This can be an out of memory problem too.

#4

Well, it has 1 GB RAM now. That should really suffice.
The bug in my last still happened.

I just was had one successful run, after more stops like above.
I'll try to switch back to FAT, whether that makes any difference.

#5

Actually, yes: only now do I notice
...<oom/><mark/><sweep/><cleanup/>
as last line in the attached kernel log, and the console out.
"OOM" = Out of memory.

Why is that? 1 GB should suffice. And the testsuite ran through before with only 512 MB (albeit on FAT, not ext2).

#6

FYI, only mauve hangs. While Enter has no effect, Ctrl-C does abort mauve and put me back on the console.

#7

Title:Lockup when running ZIP test gnu.testlet.java.util.zip.Deflater.PR27435» ext2 leaks lots of RAM
Project:JNode Core» JNode FS

lsantha explained to me that these oom on the kernel console mean that the system can't find or even free any RAM anymore and is so tight on RAM that it can't even throw an Exception object (because that obj also needs RAM etc.), therefore the kernel console msg.
The GC still runs afterwards, so maybe in some cases it succeeds to free up some mem, which would explain why I could continue after oom once, but only once.

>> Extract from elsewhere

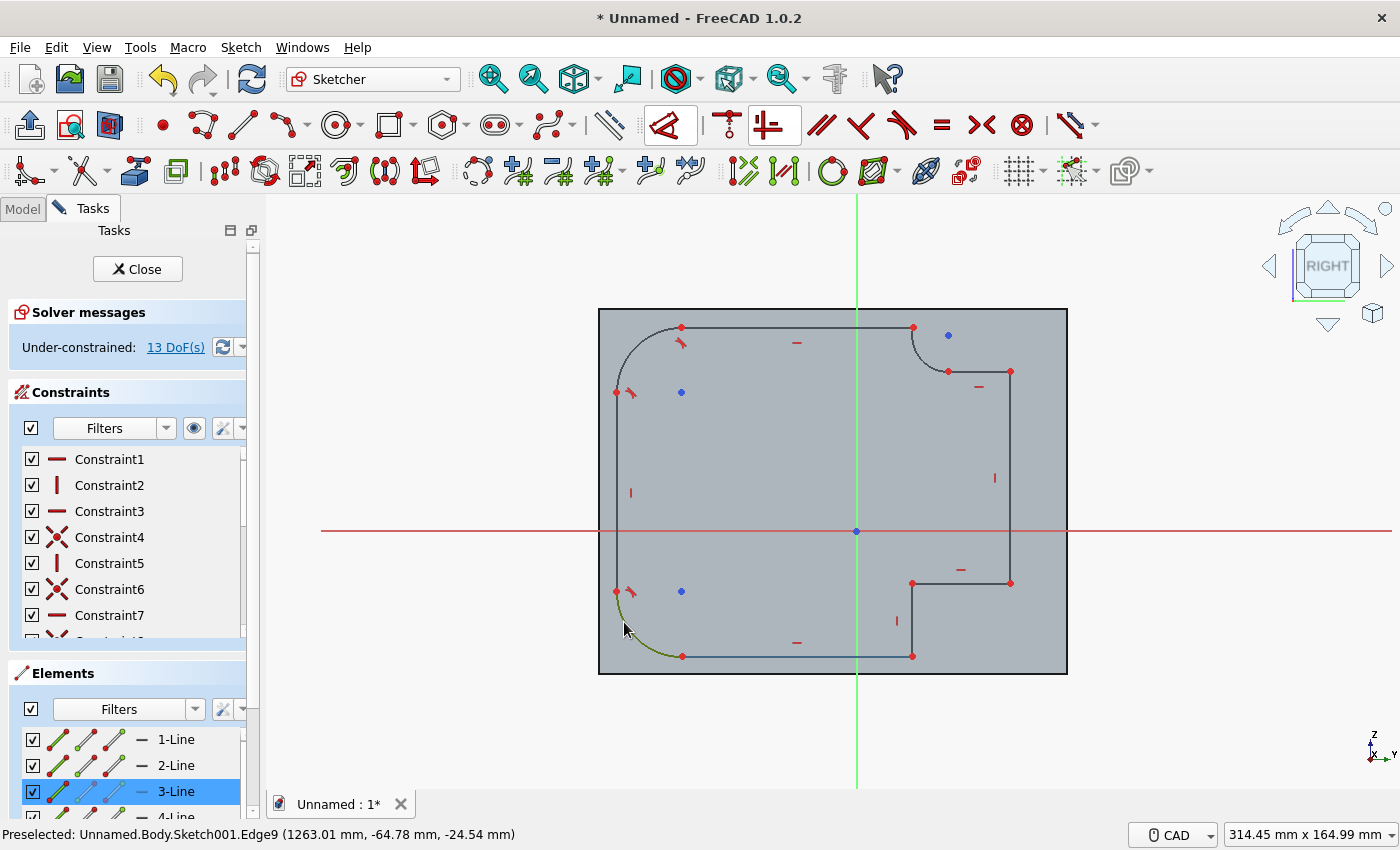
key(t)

I had already increased RAM to 1 GB, about the time when switching to ext2. Obviously, that was not enough, although it should. When I switched back to FAT (but still with 1 GB RAM), it seems to work reliably now (at least in 2-3 test runs). At the beginning, I had only 512 MB.

So, there are two problems/bugs here:
1. Why can't we continue after OOM?

2. Why does ext2 never work with 1 GB RAM, although FAT works reliably and sometimes evebn works with 512 MB RAM? There seems to be some serious abuse of RAM in ext2, probably lots of leaks.

I'll file a new bug 2856 about 2., so this bug here can focus on 1., which it was originally filed as.

#8

Title:ext2 leaks lots of RAM» OOM is not recoverable, but should be
Project:JNode FS» JNode Core